Confesercenti: Inviato ai candidati alla Presidenza della Regione Toscana documento per attenzione temi del welfare non autosufficienza assistenza territoriale   

Firenze: La Toscana è terra dove il libero pensiero e stato sempre presente e dove la gente di questa terra ha sempre manifestato in libertà la propria espressione politica/amministrativa come gli aggrada individualmente.  

La FIPAC (federazione Italiana pensionati del commercio) espressione di Confesercenti, nasce in questa terra e si sviluppa fino a diventare numericamente la prima struttura di rappresentanza dei pensionati del commercio in Italia.

Abbiamo sedi in tutte le provincie della Regione dove operiamo costantemente, la nostra presenza non è fatta solo di numeri ma di persone che giornalmente operano nelle varie realtà.
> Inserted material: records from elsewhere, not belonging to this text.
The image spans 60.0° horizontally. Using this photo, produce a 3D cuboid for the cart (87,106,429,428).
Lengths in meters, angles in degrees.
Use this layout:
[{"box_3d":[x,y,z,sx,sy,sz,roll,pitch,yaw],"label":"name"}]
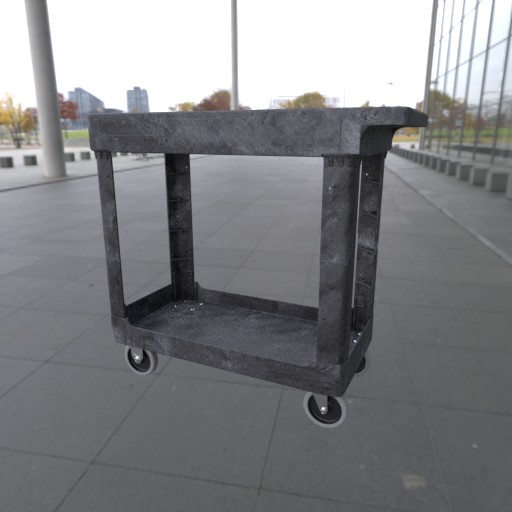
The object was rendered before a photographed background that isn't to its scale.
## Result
[{"box_3d":[0.000,0.000,1.348,0.877,0.824,0.420,7,17,25],"label":"cart"}]

In ottemperanza allo statuto la Fipac non ha una connotazione politica definita, la nostra missione è semplicemente quella di recepire le istanze e le richieste dei nostri associati, tutelarne i diritti, garantirne dignità e adeguata rappresentanza in tutte le sedi anche Istituzionali, questo è da sempre il nostro operare e ne siamo orgogliosi, cosi vogliamo continuare.

La pandemia del covid 19 ha messo in evidenza i problemi e le difficoltà della sanità sia a livello nazionale che regionale, con modalità comunque diverse fra le varie Regioni, frutto di scelte troppo spesso inopportune o semplicemente sbagliate nella programmazione, e attuazione di modelli funzionali sulla carta ma inadeguati nella realtà.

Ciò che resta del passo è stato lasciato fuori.